The Stock Market has been the source of major success, and major failure. There are those that have profited billions, and those that have lost millions. It has been considered a blessing by some, and a curse by many. But there is nothing bad about the Stock Market. Those that lose either adopted infavorable tactics, became greedy, or didn’t conduct proper research.
In this guide, I will use this Stock Market Investing Guide to teach you how to invest for the long-term.
What are Stocks, and Why Are They Popular?
When you make the decision to invest in the stock market, you make the decision to invest in a company. Don’t view it as a piece of paper, don’t view it as a stock. View it as a company. When you buy a share of a company, you now own part of that company. If you buy enough shares of stock, you could play a vital role in that company’s success. It would take a long time to reach that point, however.
The primary point of succeeding in the stock market is understanding the formula you need to take to success. These “get rich quick” schemes that you see on advertisiments are often scams. And in some of these situations, people do profit greatly in the short-term. But for that one person that made it, they don’t show the 200 people that failed. If you’re going to choose that formula, just go to Vegas and gamble. Because that is essentially what you’re doing when you try to get rich quick.
“Investing should be more like watching paint dry or watching grass grow. If you want excitement, take $800 and go to Las Vegas.” -Paul Samuelson
You need to adopt the mentality of a long-term investor. You will build your wealth year-by-year, and allow it to multiply. Consistency is the key to success.
The Stock Market is popular because it doesn’t take much time to invest once you become knowledgeable. You need to invest in yourself before you invest in companies. Read books such as “The Intelligent Investor” by Benjamin Graham. Learn the lessons taught in it. You will need to pour hours and hours of research into stocks in order to understand what you are getting into. If you don’t know what you’re doing when you invest, you aren’t investing. You’re speculating.
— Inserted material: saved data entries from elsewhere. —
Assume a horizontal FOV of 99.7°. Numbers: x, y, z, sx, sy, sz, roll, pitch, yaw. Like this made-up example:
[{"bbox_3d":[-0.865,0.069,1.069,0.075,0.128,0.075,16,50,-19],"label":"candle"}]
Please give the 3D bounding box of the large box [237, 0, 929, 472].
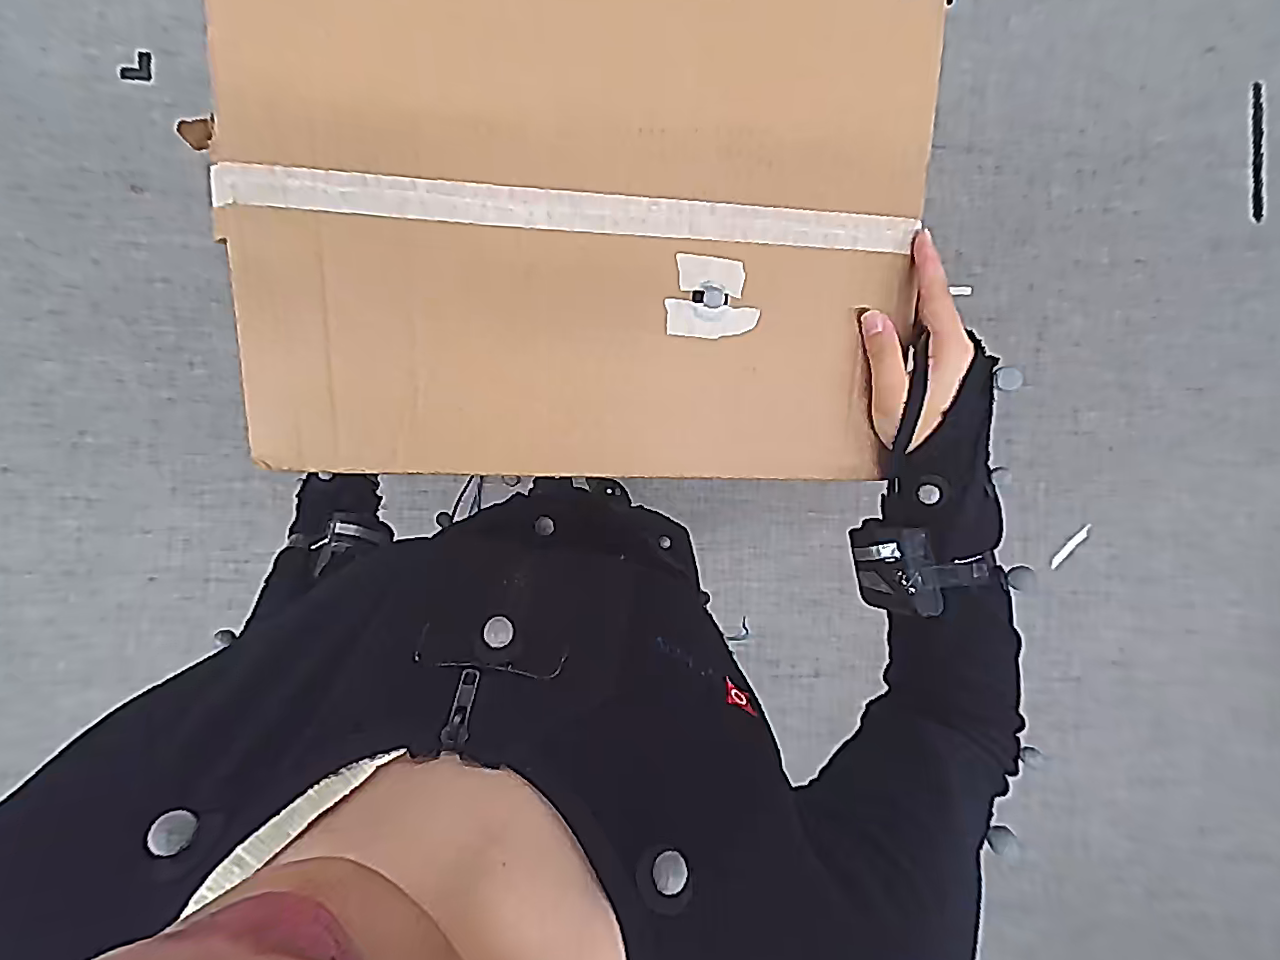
[{"bbox_3d":[-0.042,-0.185,0.474,0.408,0.320,0.320,0,101,-9],"label":"large box"}]
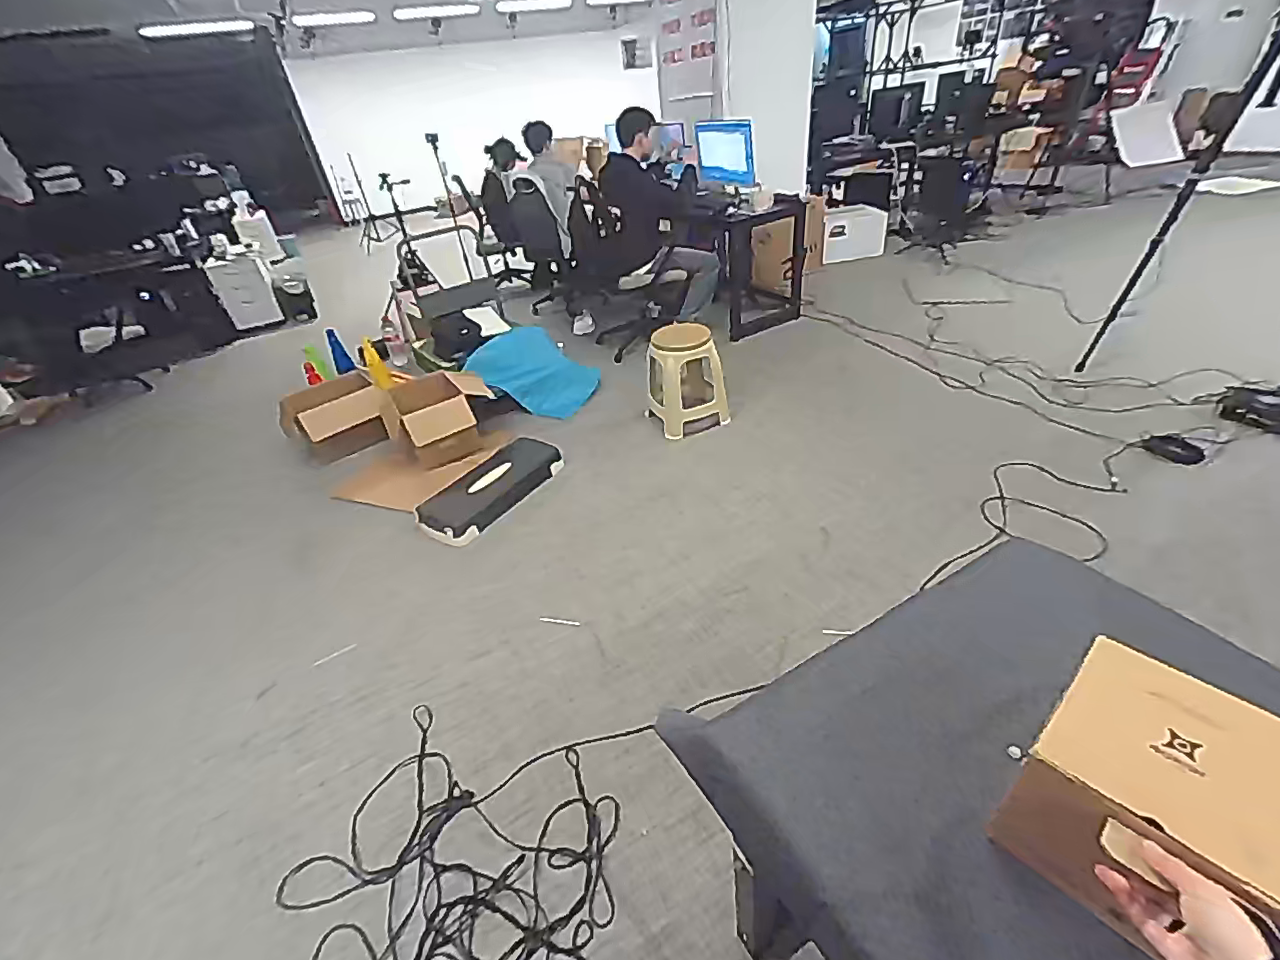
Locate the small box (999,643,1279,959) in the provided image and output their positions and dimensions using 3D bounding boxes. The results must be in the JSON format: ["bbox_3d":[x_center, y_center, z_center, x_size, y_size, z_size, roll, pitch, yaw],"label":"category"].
[{"bbox_3d":[0.466,0.299,0.501,0.179,0.176,0.168,-31,42,-30],"label":"small box"}]

“An investment in knowledge pays the best interest.” -Benjamin Franklin
You often hear horror stories about people failing in the stock market. Why do some fail, and others succeed? It isn’t a game of chance. The loser either didn’t do the proper research, or had a faulty temperament when they made the decision to invest. There is a chance that something unfortunate happened, but there is no chance that anyone would completely lose in the stock market if they adopted a good investment strategy and applied it properly.
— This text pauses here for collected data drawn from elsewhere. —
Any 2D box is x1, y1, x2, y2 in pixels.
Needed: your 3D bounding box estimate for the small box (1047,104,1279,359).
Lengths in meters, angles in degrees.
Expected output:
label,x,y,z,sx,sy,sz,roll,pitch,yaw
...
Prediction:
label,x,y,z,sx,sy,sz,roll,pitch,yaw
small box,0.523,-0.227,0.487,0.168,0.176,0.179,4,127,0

I will dive into the three primary long-term stock market investing strategies. I will touch on the Growth strategy and Value strategy, but I will focus my time on dividend stocks, because this is what I understand the most.
Growth Stock Strategy
The growth stock strategy is the investing method that most “newbie” investors adopt. I’m not saying it is a bad method, it has worked for many people. However, this is where many people fall victim, because this is as simple as saying “That stock has gone up, it should go up more”, or “I see that company everywhere, so the value should go up”. That’s not the way it works.
Growth stocks are stocks that are expected to receive capital appreciation over time, instead of receiving income from dividends. This is when the share price that you would originally buy the stock at goes up, and then you sell when it is at a higher price. It is a simple formula, and it is simple – once you understand it.
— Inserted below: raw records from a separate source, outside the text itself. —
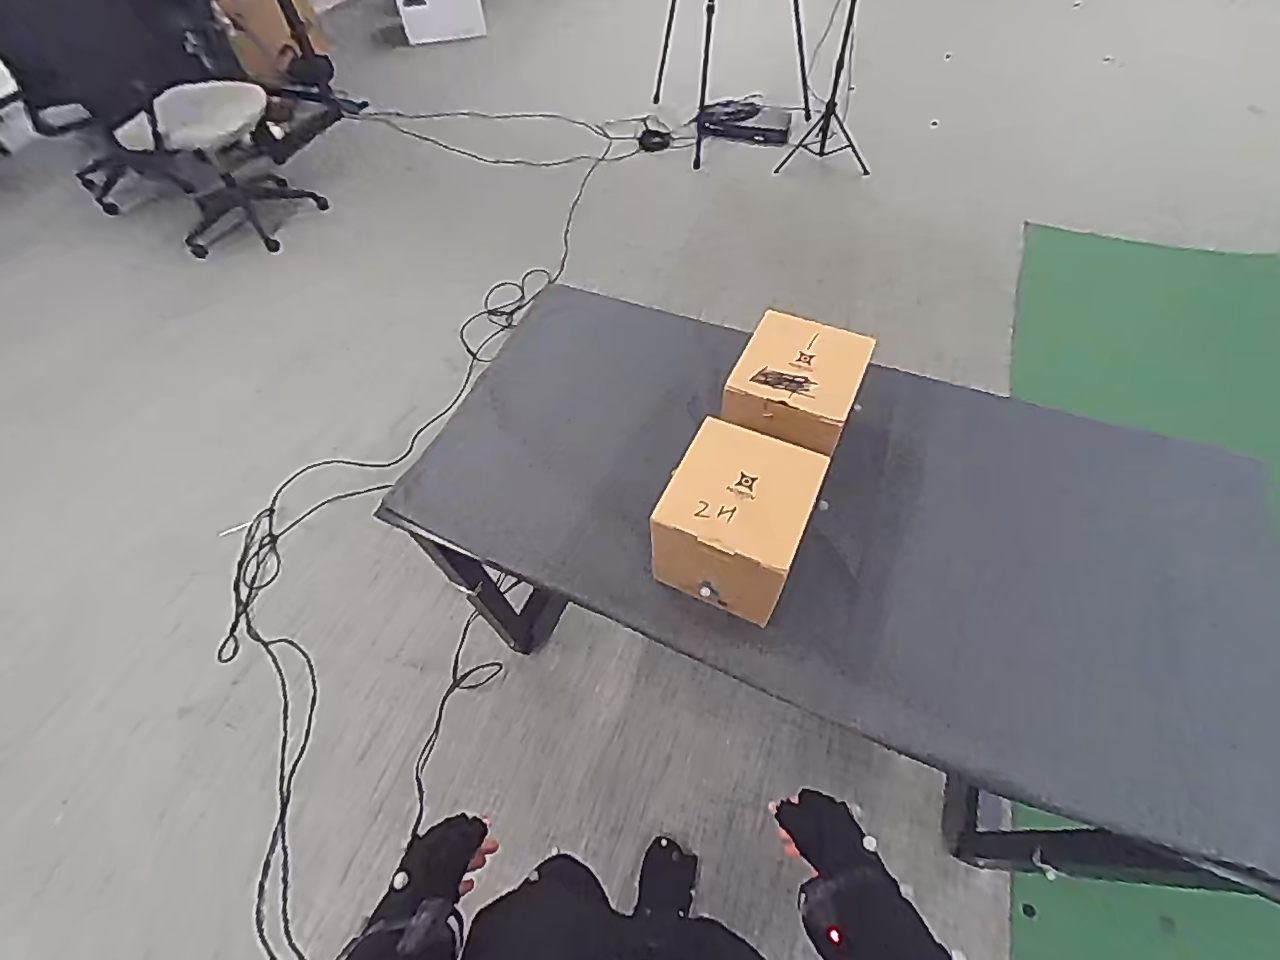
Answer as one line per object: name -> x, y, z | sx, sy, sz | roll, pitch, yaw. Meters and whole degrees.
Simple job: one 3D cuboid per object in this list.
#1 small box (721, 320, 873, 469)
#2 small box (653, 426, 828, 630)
small box -> 0.228, -0.106, 0.821 | 0.168, 0.176, 0.179 | 22, 60, 17
small box -> 0.125, 0.066, 0.710 | 0.168, 0.176, 0.179 | 21, 59, 17

There are a lot of factors to take into consideration when analyzing a growth stock, but that is a topic for another day. I will give the basics on what to look for:
- Market Cap
- Current Assets
- Total Assets
- Current Liabilities
- Total Liabilities
- P/E Ratio
- Net Sales
- Cost of Sales
- Gross Income
- Operating Income
- Net Income
You can find this information in the Income Statement and Balance Sheet of a company. It is also important to read the 10-K Form to find out the analytics about a comany and how it operates.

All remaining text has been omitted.